I’m still not sure how we got here: Last thing I remember clearly is crossing the Fifth Dimension again after saving Excalibur— all of us, Thea, Clyne, and me— in the Saurian time-ship from Clyne’s planet. But our German prisoner, Rolf Royd, the Dragon Jerk kid, managed to escape when the ship itself started to… come alive somehow. And in all the confusion, in the swirls of color and time and possibility that move around you when you time-travel, we were tossed directly through the Fifth Dimension, like three Alices —four, if I have to include Rolf — going down separate rabbit holes. And then we landed.
Here. Where they don’t study American history in books, because they are American history, and where I don’t think Alice and the rabbit have even been written about yet. And you can forget about the movie and game versions.
They don’t even have baseball.
They don’t even have
Barnstormers! No Comnet games at all!
No wonder they had so much time to be historical and do famous stuff.
But wherever this is, whatever’s going on, I have to find Thea again, and then figure out if Clyne is anywhere close by. Or any when close by, for that matter.
But it won’t be easy. If Thomas Jefferson is president, that means I’ve landed way way back, even before Eisenhower and maybe both of the Roosevelts. Prehistory. When all the guys on stamps and money are still walking around, breathing air.
So far back, they don’t even have gasoline-powered cars. And maybe not trains. I’ll have to check.
But hey, that means there isn’t any DARPA yet either— no Defense Advanced Research Projects Agency. No Mr. Howe overseeing Dad’s experiments, no military goons to keep watch over me, with their corny “Danger Boy” codename, and all their time-travel plans.

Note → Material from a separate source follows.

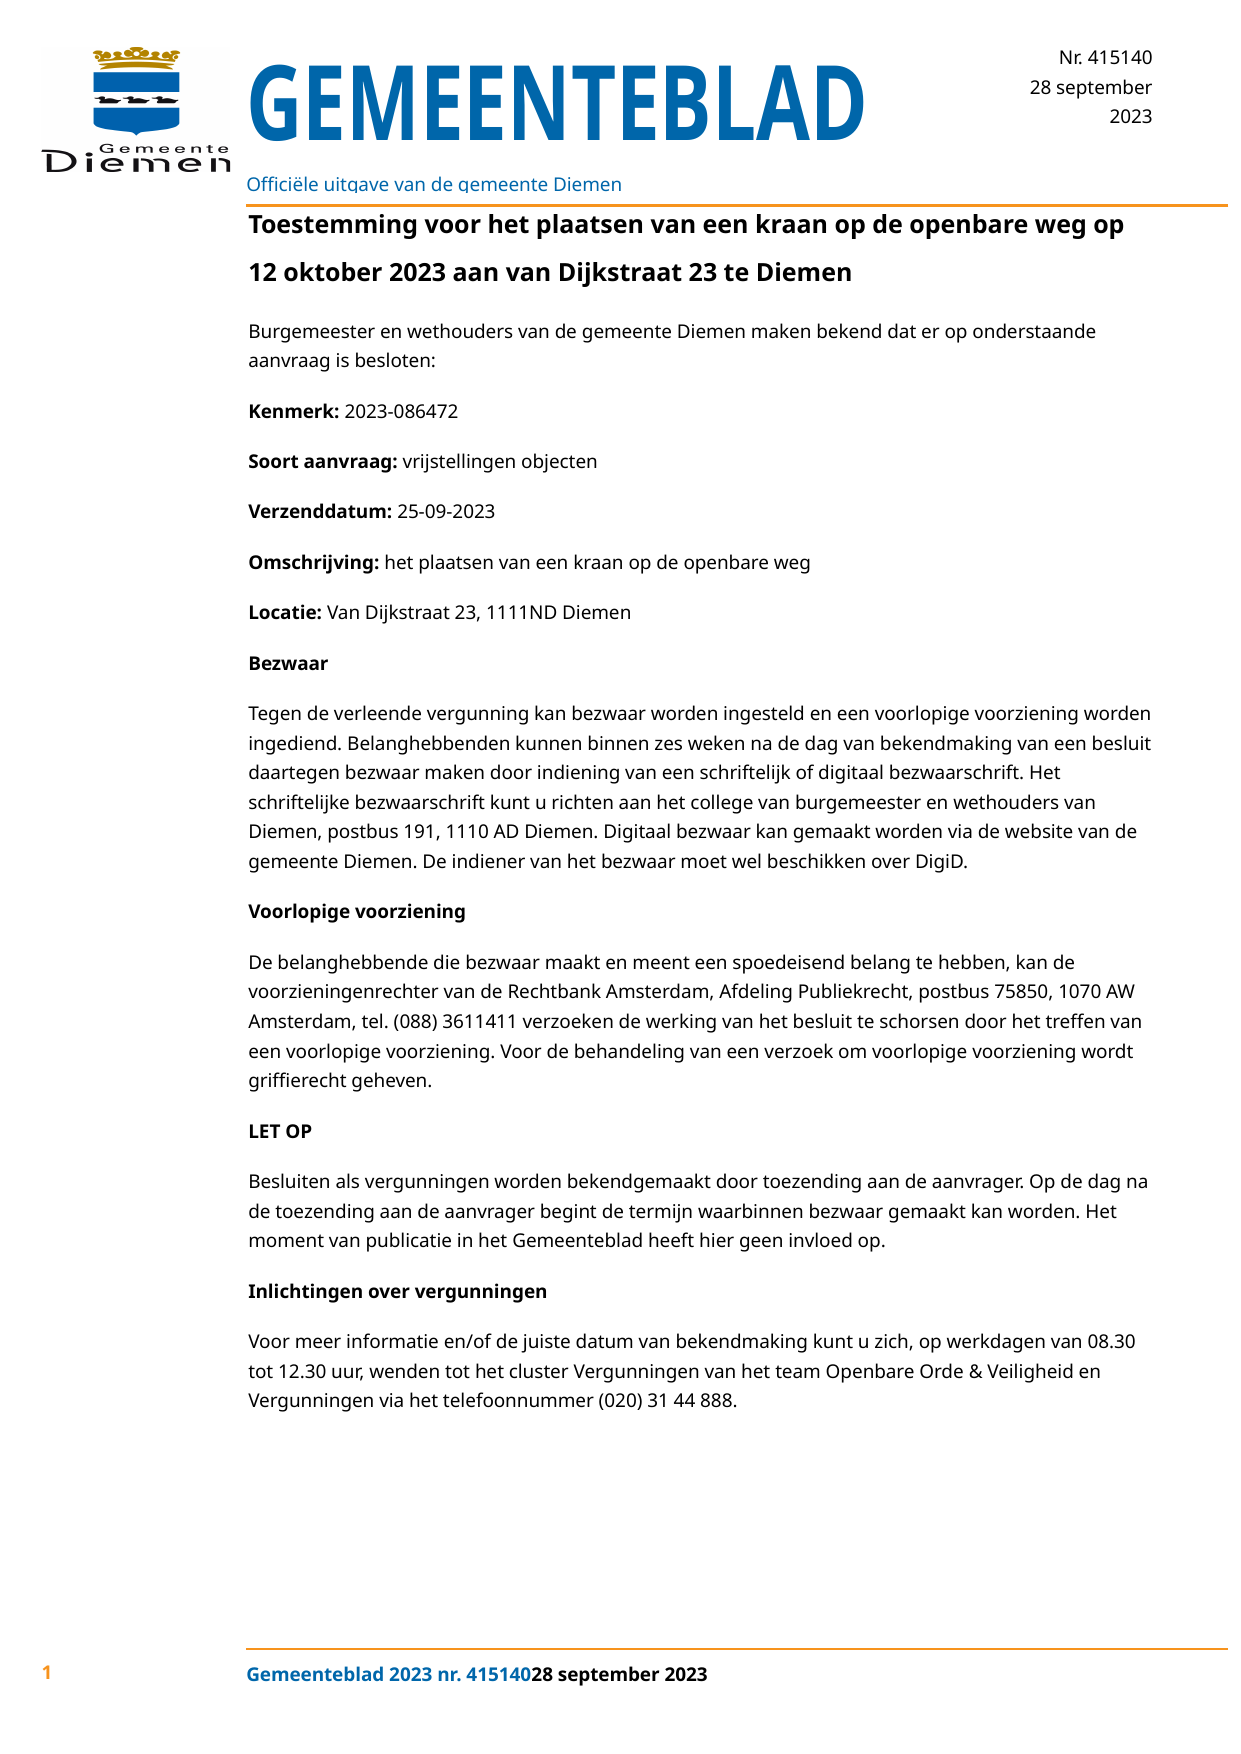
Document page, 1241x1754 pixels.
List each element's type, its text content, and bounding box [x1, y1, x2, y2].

Which means the guys here shouldn’t be too hard to duck: They won’t have Night Vision goggles, or laser-guided stun guns, so I can start looking for Thea as soon as I crawl out the back of the tent.
Wait. Bayonets. They do have bayonets. They have funny clothes and long coats, and bayonets on the end of their rifles. And a couple of them just walked in. With the president.
“Taking leave of us, young squire?”
Jefferson spoke those words to my butt. My head was already poking out the back of the tent. Now I’m turned around, my arms are in the air, and those bayonets are looking pretty sharp.
Jefferson waves the soldiers away.
“I suspect I am not in too much jeopardy,” the president tells them. “You may return to your posts outside. I will send out an alarum if the squire attempts another escape.”
“What if he has another suspect hat, sir?”
Jefferson nods. “I intend to ask him about that. Now please leave us alone.”
Jefferson looks for a place to sit, and pulls over a short barrel. He squints at some writing on the side. “Hmm. One of Captains Lewis and Clark’s barrels of whiskey found its way into our supplies. I should return it. I suspect they will need all the spirits and Godspeed they can muster.”